There’s Jon Osterman, also known as Dr. Manhattan (we can’t mention the name of the actor who plays as it will be a big spoiler), as the super powerful blue god believed to have teleported himself to Mars but is actually back on earth disguising himself as a human.

Then there’s Laurie Blake (wonderfully played by one of the best actresses working in Hollywood TV today, Jean Smart), formerly known as Silk Spectre and a love interest of Adrian, but now an FBI agent who becomes police chief of Tulsa. 

The complicated show’s thematic center ultimately exposes the world of militant racists who’d resort to anything including extreme violence and genocide to perpetuate oppression and racial inequality. 

Technical aspects are all superlative, from the authentic period and amazing futuristic production design to its gorgeous cinematography combining color and black and white and capturing the beautifully composed choreography and intricate blocking of so many key sequences. 

The music is also faultless, using so many vintage songs and music from Doris Day’s “Tunnel of Love” and The Platters’ “My Prayer” to songs from Frank Sinatra to Gershwin’s “Rhapsody in Blue”, Strauss’ “Blue Danube” and songs from the Broadway musical “Oklahoma”.

And you cannot fault the top-tier ensemble performances of the whole cast. Everyone is just splendid, but some of them really just stand out. Jeremy Irons (who’s nominated as best actor) obviously had a good time hamming it up in his role as the mysterious and eccentric Veidt. 

Tim Blake Nelson has few lines that he delivers with a drawl as the reticent Wade aka Looking Glass, obsessed with conspiracy theories. His own back story when a sexy girl runs away with all his clothes in a carnival and how it affected him forever is both touching and hilarious.

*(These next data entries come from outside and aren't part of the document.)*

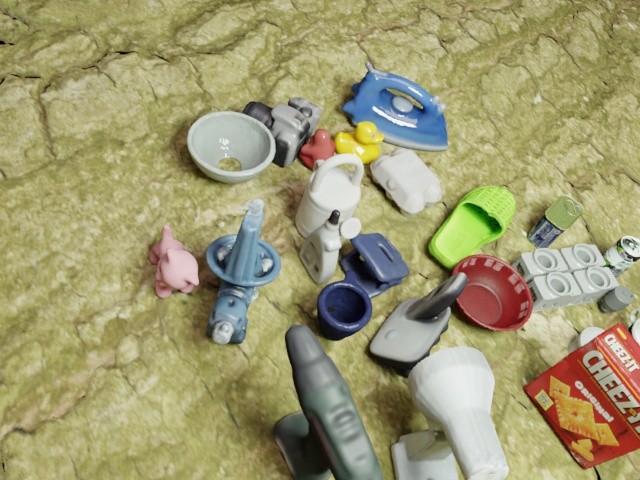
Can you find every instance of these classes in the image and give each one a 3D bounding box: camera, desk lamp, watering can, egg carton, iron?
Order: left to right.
[{"bbox_3d":[-0.084,-0.245,1.173,0.136,0.101,0.143,28,54,5],"label":"camera"},{"bbox_3d":[0.027,-0.078,1.031,0.101,0.194,0.172,-31,69,-30],"label":"watering can"},{"bbox_3d":[0.187,-0.294,1.258,0.258,0.141,0.119,21,53,-1],"label":"iron"},{"bbox_3d":[0.176,-0.121,1.180,0.107,0.069,0.150,-27,67,-29],"label":"egg carton"},{"bbox_3d":[0.185,0.283,0.816,0.118,0.213,0.203,2,56,-14],"label":"desk lamp"}]

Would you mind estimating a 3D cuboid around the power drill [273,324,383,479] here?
[{"bbox_3d":[-0.003,0.252,0.788,0.076,0.208,0.229,-20,64,-26],"label":"power drill"}]

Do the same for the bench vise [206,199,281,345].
[{"bbox_3d":[-0.113,0.053,0.886,0.122,0.219,0.207,0,56,-15],"label":"bench vise"}]

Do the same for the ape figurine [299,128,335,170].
[{"bbox_3d":[-0.001,-0.189,1.163,0.078,0.092,0.076,-2,57,-17],"label":"ape figurine"}]

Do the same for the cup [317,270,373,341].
[{"bbox_3d":[0.034,0.117,0.961,0.092,0.095,0.118,15,54,-5],"label":"cup"}]

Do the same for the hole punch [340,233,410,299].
[{"bbox_3d":[0.104,0.035,1.040,0.101,0.091,0.108,-24,66,-28],"label":"hole punch"}]

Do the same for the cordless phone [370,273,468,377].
[{"bbox_3d":[0.166,0.130,0.934,0.094,0.185,0.148,34,54,9],"label":"cordless phone"}]

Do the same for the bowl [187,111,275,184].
[{"bbox_3d":[-0.174,-0.167,1.110,0.167,0.074,0.167,8,55,-11],"label":"bowl"}]

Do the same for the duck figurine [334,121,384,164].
[{"bbox_3d":[0.085,-0.215,1.209,0.104,0.086,0.077,14,54,-6],"label":"duck figurine"}]

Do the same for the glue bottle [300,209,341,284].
[{"bbox_3d":[0.009,0.004,0.983,0.037,0.173,0.078,-19,63,-26],"label":"glue bottle"}]

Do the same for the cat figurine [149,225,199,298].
[{"bbox_3d":[-0.236,0.035,0.927,0.067,0.117,0.127,-10,60,-21],"label":"cat figurine"}]

Chinese American actress Hong Chau (best known for “Downsizing”) is so persuasive as the scheming Lady Trieu who turns out to be the daughter of another major character and has her own evil designs. 

Oscar-winner Lou Gossett Jr. is also memorable as Will Reeves, Angela’s 100 year old grandpa who turns out to be the first masked hero known as Hooded Justice.

But of course, Regina King has the meatiest role as the ass-kicking Angela, requiring her to do demanding action choreography as well as steamy love scenes and poignant dramatic scenes with her husband Cal. 

She has terrific rapport with Yahya Abdul Mateen as her hubby who springs a surprise of his own. Mateen is also excellent and it’s not surprising he won as Emmy best supporting actor. 

This is one of the most well written series we’ve seen lately and credit goes to chief writer and executive producer Damon Lindelof, who also created such highly acclaimed shows as “Lost” and “The Leftovers”. 

The show maybe fictional but the inclusion of the historical Tulsa Massacre shows how their past filled with racial prejudice and centuries of American racism continue to haunt their present. It is undeniably a mirror version of reality. 

A word of warning, though. This maybe a show about superheroes but it’s not really for kids as it contains scenes that are surely for adults only. There’s full frontal nudity and, in one scene, a male superhero is seen sodoziming another male superhero. But the latter is all in keeping about the show’s theme of discrimination.